O reajuste passa a valer a partir de 1º de abril e embora a variação de 12 meses ainda não esteja completa, é possível fazer algumas projeções. E este aumento deverá variar entre 1,9% e 4,6%. O cálculo segue o modelo regulado pela CMED, com base em critérios como inflação, produtividade da indústria e concorrência entre os produtos.

– Um fator de produtividade (Fator X)

– Uma parcela de fator de ajuste de preços relativos entre setor (Fator Y)

– Uma parcela de fator de ajuste de preços relativos intrassetor (Fator Z), utilizando-se o Índice Nacional de Preços ao Consumidor Amplo (IPCA) dos últimos 12 meses.  

Esses fatores, combinados com a inflação oficial medida pelo IPCA (Índice de Preços ao Consumidor Amplo) até fevereiro/março de 2026, serão usados para definir o teto máximo do reajuste permitido.

O reajuste não é automático para todos os produtos. Estimativas dos medicamentos de nível 1, que enfrentam maior concorrência, deve ser ajustado em até 4,6%. Os que possuem com concorrência intermediária, classificados em nível 2, a previsão de aumento fica em torno de 3,25%. Os produtos de nível 2 são os mais numerosos.

Já os de nível 3, que possuem menor concorrência, terão aumento máximo estimado em até 1,9%. Cada fabricante e cada rede de farmácias decide se repassa o reajuste completo ou parcialmente ao consumidor final.
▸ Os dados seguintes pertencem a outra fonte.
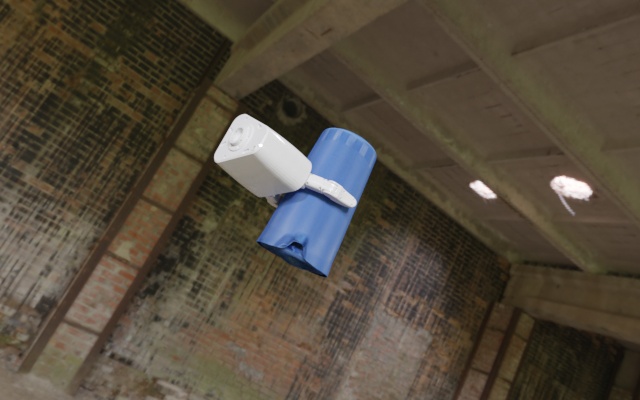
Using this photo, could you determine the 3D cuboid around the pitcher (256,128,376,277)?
[{"bbox_3d":[0.000,0.003,0.839,0.149,0.242,0.145,13,-20,46],"label":"pitcher"}]
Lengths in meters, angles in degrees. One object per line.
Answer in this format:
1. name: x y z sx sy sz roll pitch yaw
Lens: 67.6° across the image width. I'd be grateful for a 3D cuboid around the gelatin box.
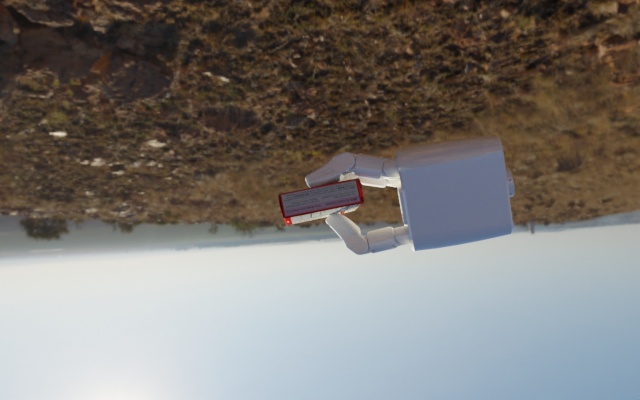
1. gelatin box: 0.000 0.002 0.532 0.089 0.030 0.073 -12 -7 -3
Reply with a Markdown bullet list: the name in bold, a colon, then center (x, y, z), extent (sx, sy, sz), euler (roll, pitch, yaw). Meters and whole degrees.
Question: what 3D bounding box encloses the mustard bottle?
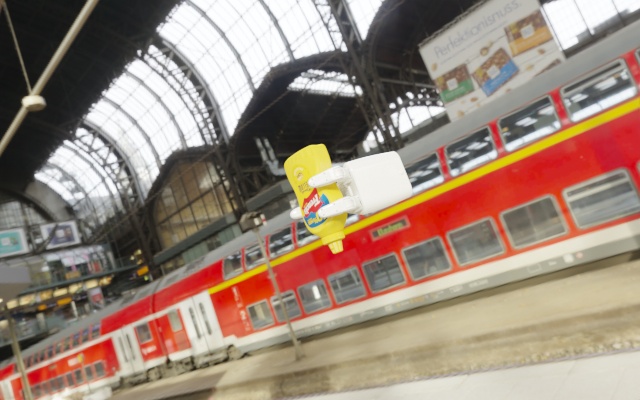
- **mustard bottle**: center (0.000, 0.003, 0.861), extent (0.058, 0.191, 0.096), euler (-12, -11, -44)
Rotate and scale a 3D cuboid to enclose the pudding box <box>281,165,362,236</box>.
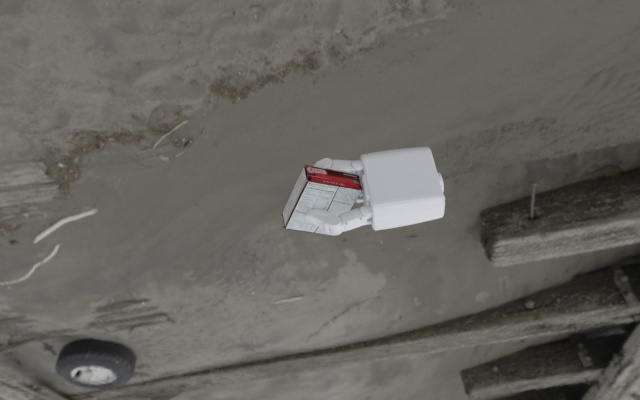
[{"bbox_3d":[0.000,0.003,0.729,0.090,0.039,0.114,10,-48,-20],"label":"pudding box"}]
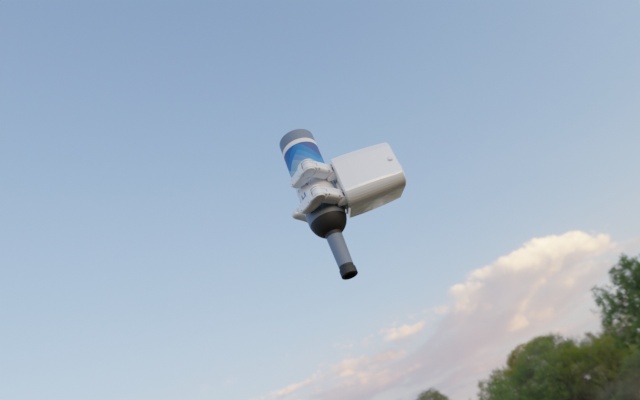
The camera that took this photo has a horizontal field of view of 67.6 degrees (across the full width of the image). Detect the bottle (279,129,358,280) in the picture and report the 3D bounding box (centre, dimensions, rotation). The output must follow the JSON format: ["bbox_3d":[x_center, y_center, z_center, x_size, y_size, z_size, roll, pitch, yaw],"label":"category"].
[{"bbox_3d":[0.000,0.003,0.825,0.069,0.295,0.069,-15,-33,-10],"label":"bottle"}]
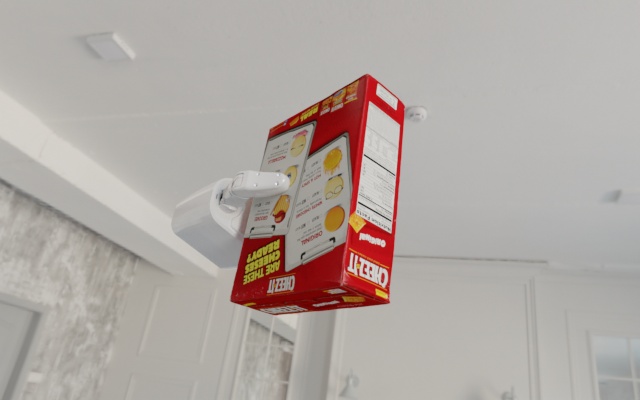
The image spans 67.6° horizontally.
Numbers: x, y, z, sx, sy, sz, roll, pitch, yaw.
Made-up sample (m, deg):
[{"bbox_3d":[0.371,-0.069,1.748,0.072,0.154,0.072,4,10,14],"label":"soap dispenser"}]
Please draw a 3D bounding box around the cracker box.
[{"bbox_3d":[0.000,0.001,0.489,0.072,0.213,0.164,27,-31,-35],"label":"cracker box"}]
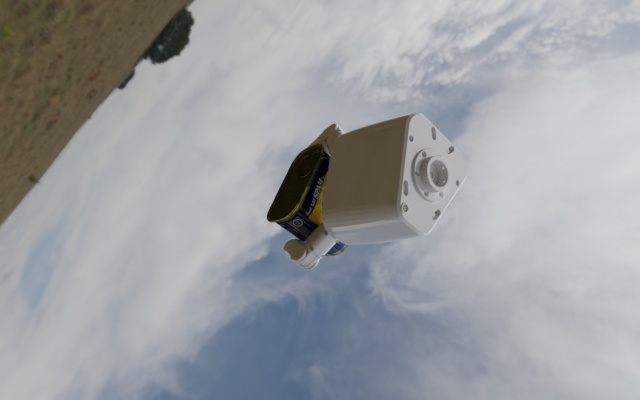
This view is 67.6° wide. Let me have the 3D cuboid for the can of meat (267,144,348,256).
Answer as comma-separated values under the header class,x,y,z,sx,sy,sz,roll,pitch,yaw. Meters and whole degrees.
class,x,y,z,sx,sy,sz,roll,pitch,yaw
can of meat,0.000,0.002,0.546,0.084,0.102,0.057,38,-29,-27
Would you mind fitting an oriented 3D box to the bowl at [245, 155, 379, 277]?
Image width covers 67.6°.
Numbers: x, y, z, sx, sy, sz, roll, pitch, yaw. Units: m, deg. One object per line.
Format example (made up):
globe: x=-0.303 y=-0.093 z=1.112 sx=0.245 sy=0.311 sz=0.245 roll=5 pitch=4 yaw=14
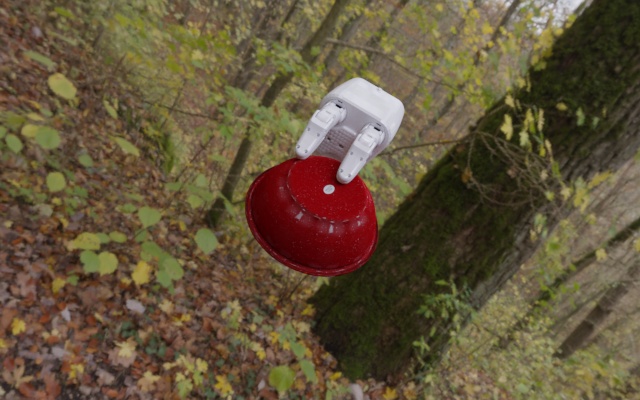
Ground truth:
bowl: x=0.000 y=0.002 z=0.532 sx=0.162 sy=0.162 sz=0.055 roll=0 pitch=-37 yaw=-23
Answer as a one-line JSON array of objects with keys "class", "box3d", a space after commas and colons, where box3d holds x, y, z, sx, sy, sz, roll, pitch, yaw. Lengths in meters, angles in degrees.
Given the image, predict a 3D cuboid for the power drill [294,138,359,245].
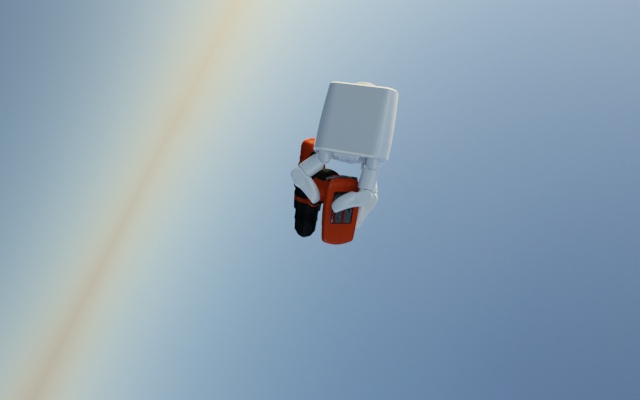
[{"class": "power drill", "box3d": [0.000, 0.003, 0.798, 0.057, 0.184, 0.187, -2, 20, -20]}]
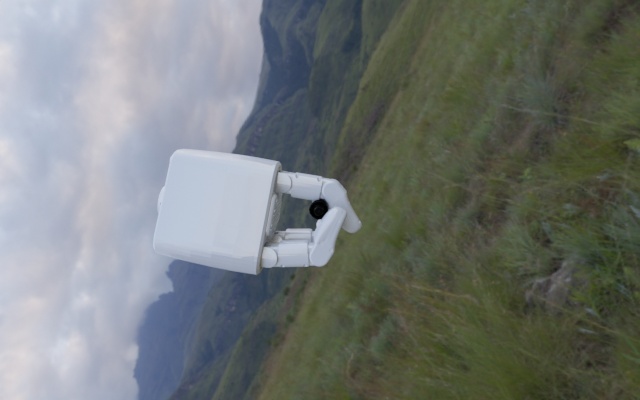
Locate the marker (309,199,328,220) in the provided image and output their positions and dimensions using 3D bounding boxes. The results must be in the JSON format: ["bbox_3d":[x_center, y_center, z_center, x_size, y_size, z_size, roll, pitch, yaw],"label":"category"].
[{"bbox_3d":[0.000,0.002,0.517,0.020,0.020,0.121,0,8,2],"label":"marker"}]
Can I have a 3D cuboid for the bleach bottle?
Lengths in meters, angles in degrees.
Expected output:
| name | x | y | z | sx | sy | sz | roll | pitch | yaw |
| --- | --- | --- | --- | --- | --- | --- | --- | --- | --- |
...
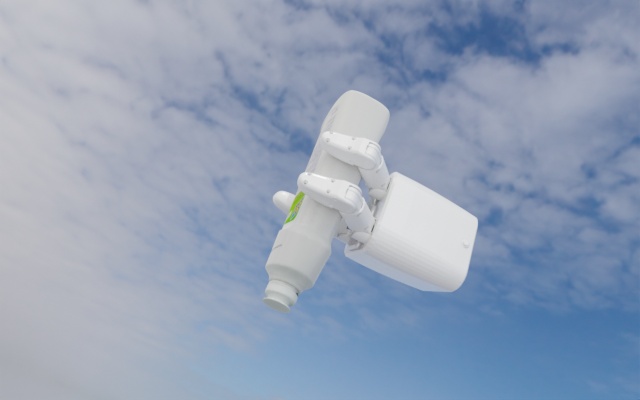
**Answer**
| name | x | y | z | sx | sy | sz | roll | pitch | yaw |
| --- | --- | --- | --- | --- | --- | --- | --- | --- | --- |
| bleach bottle | 0.000 | 0.002 | 0.511 | 0.068 | 0.250 | 0.103 | 27 | -30 | -6 |
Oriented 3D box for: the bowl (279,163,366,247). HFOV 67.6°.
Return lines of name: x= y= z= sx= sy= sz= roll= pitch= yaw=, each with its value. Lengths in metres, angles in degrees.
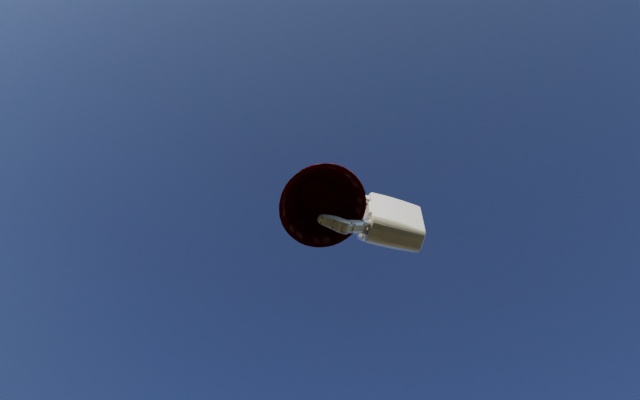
bowl: x=-0.001 y=0.002 z=0.882 sx=0.162 sy=0.162 sz=0.055 roll=0 pitch=20 yaw=-13
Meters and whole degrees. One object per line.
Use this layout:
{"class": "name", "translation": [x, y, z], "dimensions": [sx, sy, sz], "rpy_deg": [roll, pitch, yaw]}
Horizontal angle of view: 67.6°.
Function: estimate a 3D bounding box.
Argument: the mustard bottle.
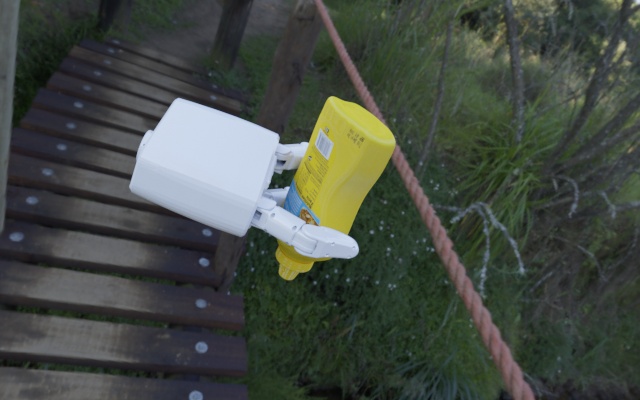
{"class": "mustard bottle", "translation": [0.000, 0.001, 0.475], "dimensions": [0.058, 0.192, 0.096], "rpy_deg": [10, 28, -32]}
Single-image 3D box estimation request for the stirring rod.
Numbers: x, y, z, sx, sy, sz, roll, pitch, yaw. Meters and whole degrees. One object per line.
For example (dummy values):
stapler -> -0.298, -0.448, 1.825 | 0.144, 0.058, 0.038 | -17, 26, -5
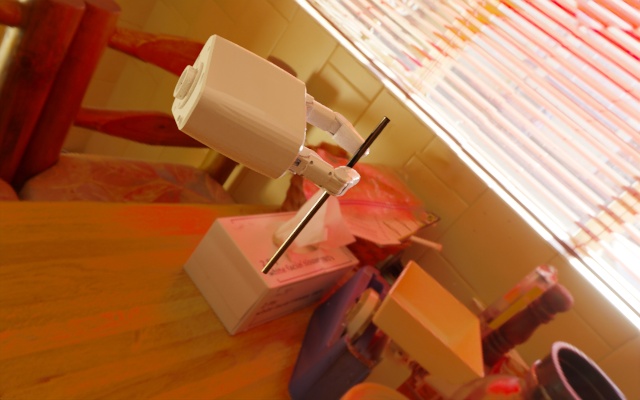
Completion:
stirring rod -> 0.000, 0.002, 0.540 | 0.011, 0.240, 0.011 | 31, 25, -16
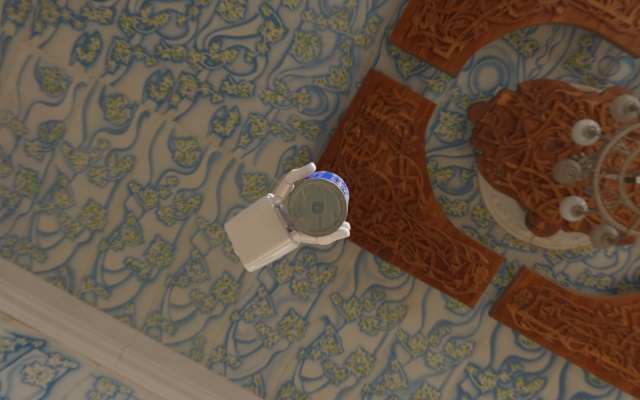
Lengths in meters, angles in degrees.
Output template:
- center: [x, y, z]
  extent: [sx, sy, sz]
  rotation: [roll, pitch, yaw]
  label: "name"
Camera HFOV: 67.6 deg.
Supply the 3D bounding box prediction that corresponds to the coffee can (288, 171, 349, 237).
- center: [0.000, 0.003, 0.879]
  extent: [0.103, 0.103, 0.140]
  rotation: [0, 8, 5]
  label: "coffee can"
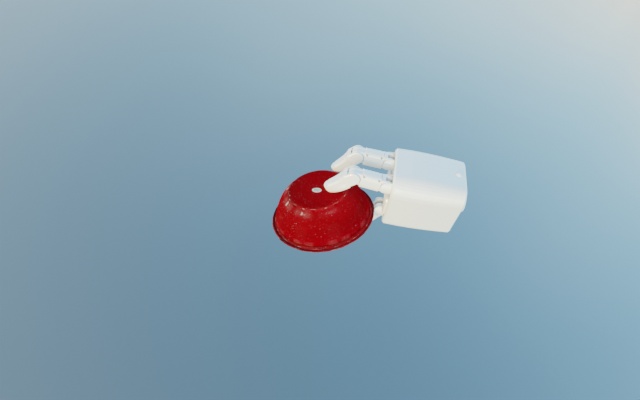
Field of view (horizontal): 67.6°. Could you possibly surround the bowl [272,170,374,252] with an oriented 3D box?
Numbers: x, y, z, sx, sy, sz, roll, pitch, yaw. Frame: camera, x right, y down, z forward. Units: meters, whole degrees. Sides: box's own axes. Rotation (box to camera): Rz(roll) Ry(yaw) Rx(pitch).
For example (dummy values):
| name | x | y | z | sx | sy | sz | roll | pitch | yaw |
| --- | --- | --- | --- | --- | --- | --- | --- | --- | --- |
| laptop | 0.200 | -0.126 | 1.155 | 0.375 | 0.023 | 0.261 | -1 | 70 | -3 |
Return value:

A regra vale para quase todos os produtos, exceto os fitoterápicos, remédios homeopáticos e isentos de prescrição com alto índice de concorrência.

Para Mateus Amâncio, secretário executivo da CMED, “É comum que o consumidor encontre medicamentos com descontos sobre o valor do preço máximo”. E para ele o teto de preços impede aumentos excessivos.

O reajuste nos preços dos medicamentos em 2026 será moderado, om base em uma série de fatores técnicos definidos pela CMED, e limites que tendem a estar abaixo de alguns reajustes históricos. Apesar disso, a medida busca equilibrar a necessidade de manter a indústria farmacêutica sustentável com a de proteger o consumidor de aumentos excessivos.